It should be appreciated that, in connection with verifying the transformation function, where the images include images of biometric or human features, the biometric hub 102 may generate, extract, etc. biometric templates from the subject images and the transformed reference images and compare the same (in lieu of comparing the images directly). Further, as part of verifying the transformation function, the biometric hub 102 may determine a limited set of capture conditions associated with the transformation function (i.e., boundaries of the effectiveness of the transformation function), where biometric match results are acceptable (e.g., as part of the defined threshold noted above, etc.).
Additionally, or alternatively, the biometric hub 102 may be configured to qualify the subject device 108 as sufficiently accurate, apart from the transformation function. In particular, a set of reference images of a user (or, more specifically, a part of a user (e.g., a face, a palm, etc.)) may be separated into reference set A and reference set B. The reference images may be captured by the reference device 106, for example, or otherwise designated as proper, correct images of the user, and transmitted to the biometric hub 102.

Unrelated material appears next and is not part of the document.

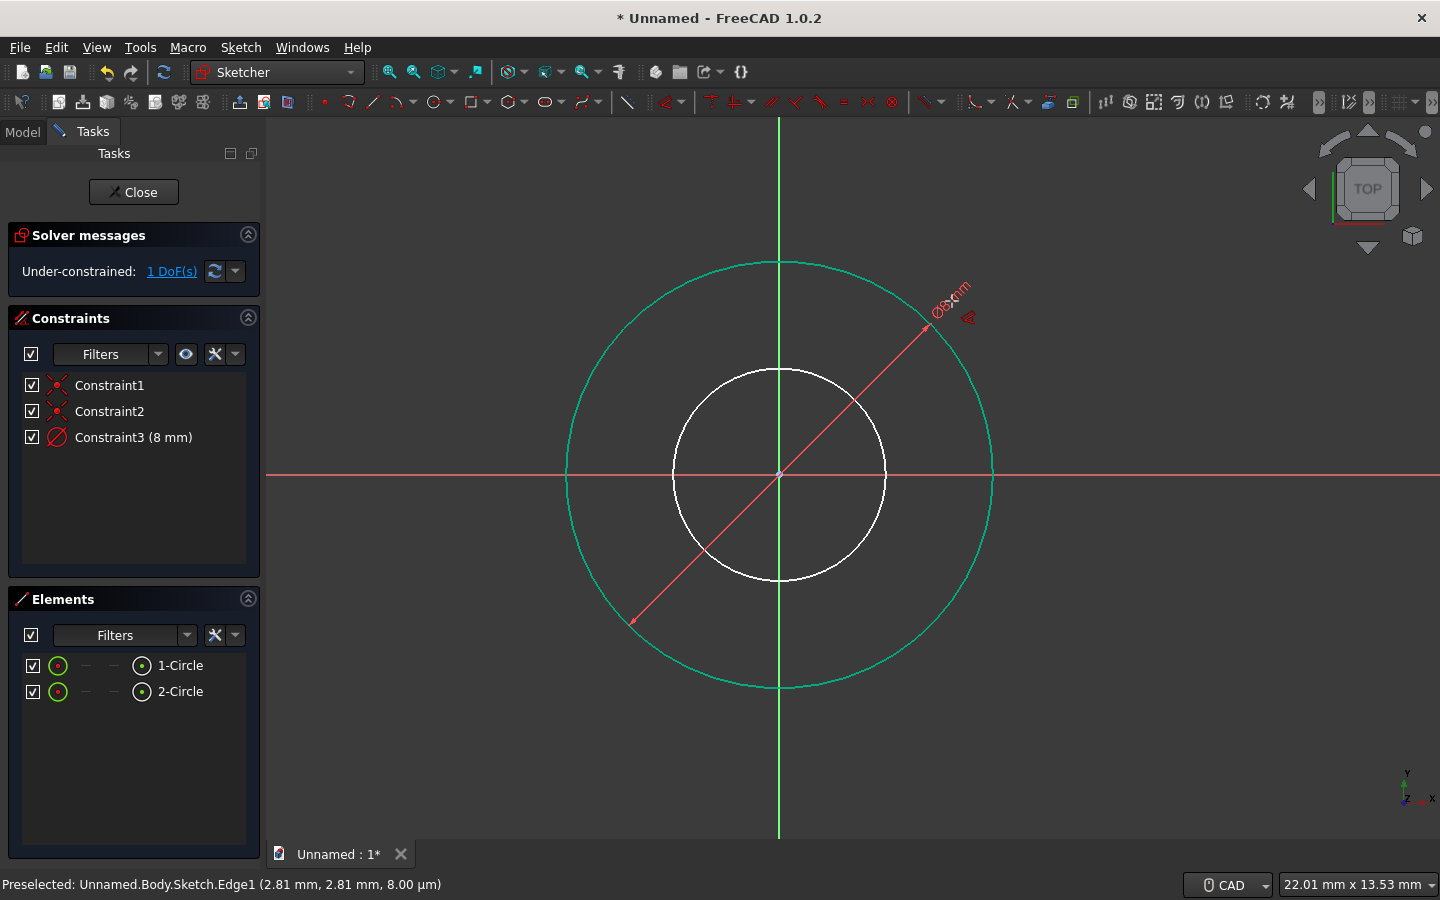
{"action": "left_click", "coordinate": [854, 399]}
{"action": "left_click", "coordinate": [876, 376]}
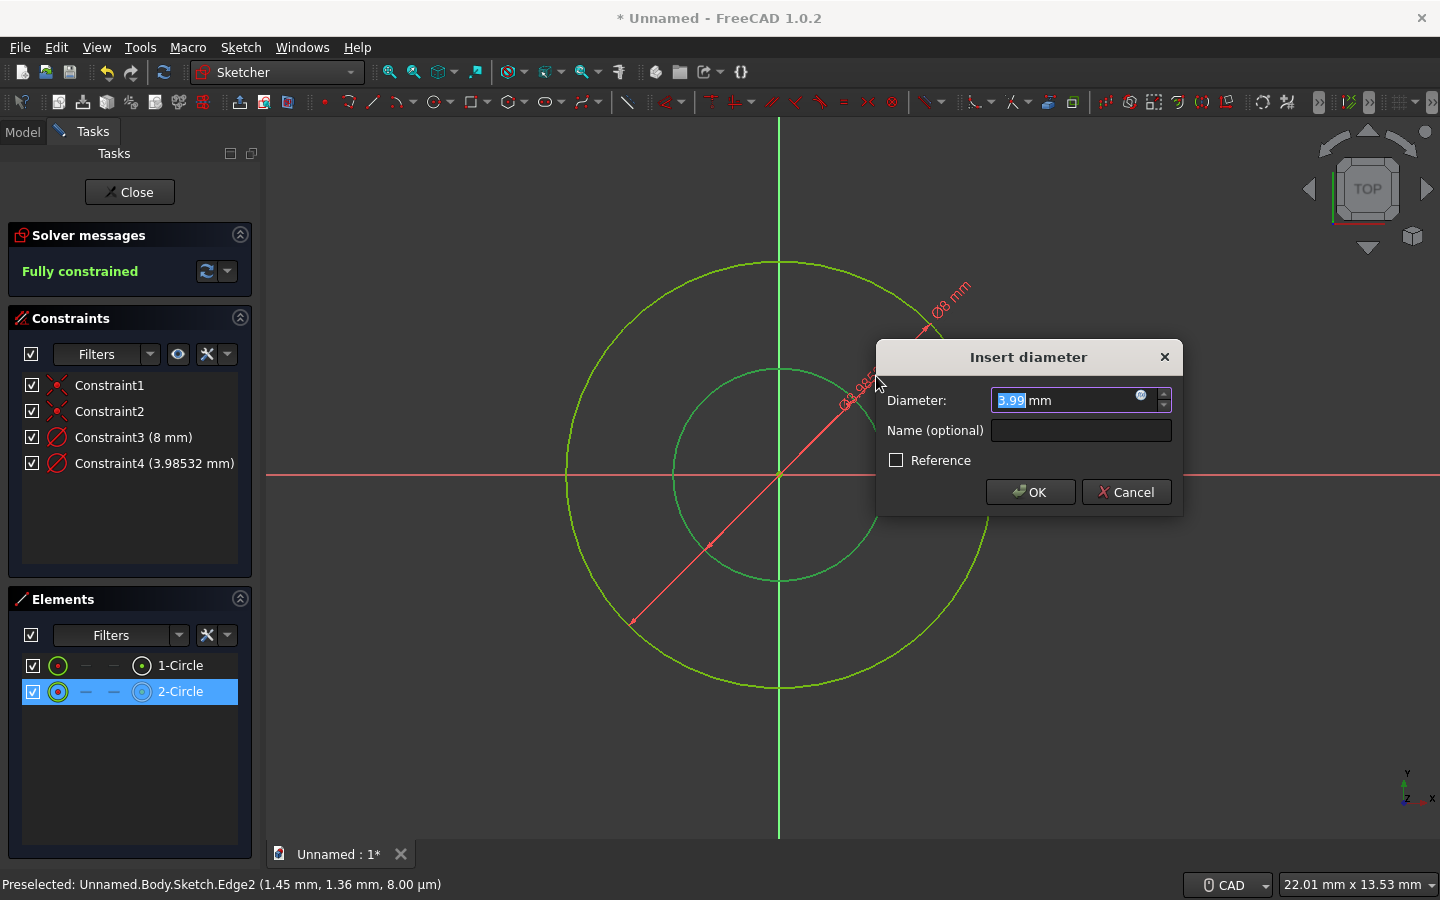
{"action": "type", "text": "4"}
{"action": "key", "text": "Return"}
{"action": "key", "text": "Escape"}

Then, the biometric hub 102 is configured to extract a biometric (or biometrics) from set A. For example, where the image is of the user's face, the biometric hub 102 may be configured, by techniques known to those skilled in the art, to generate a biometric template based on measurements and/or proportions relative to reference points in the face. Separately, the biometric hub 102 may be configured to transform the set B of reference images, based on a reverse application of the transformation function generated above for the subject device 108. The biometric hub 102 is configured to generate a biometric template for the transformed images. The biometric hub 102 is configured to then compare the biometric templates, and to qualify or disqualify the subject device 108 based on results of the matching. If, for example the biometric templates are more different than a defined threshold, the transformation function may be significantly altering the original images from the subject device 108, which may imply a lack of accuracy in the subject device 108 itself. In connection therewith, it should be appreciated that different matching techniques may be employed depending on the use case, and also, that the defined thresholds may be configured to meet acceptable margins of error based upon the use case. As part thereof, the defined threshold may be selected with reference to False Acceptance Rate or False Rejection Rate, as two example metrics. As such, in this manner, it should be noted that the subject device 108 may be qualified, or not, apart from the transformation function itself.
If the transformation function is verified and the subject device 108 is qualified, the biometric hub 102 is configured to designate the transformation function for use. That said, it should be appreciated that verification of the transformation function and/or qualification of the subject device 108 may be omitted in other embodiments.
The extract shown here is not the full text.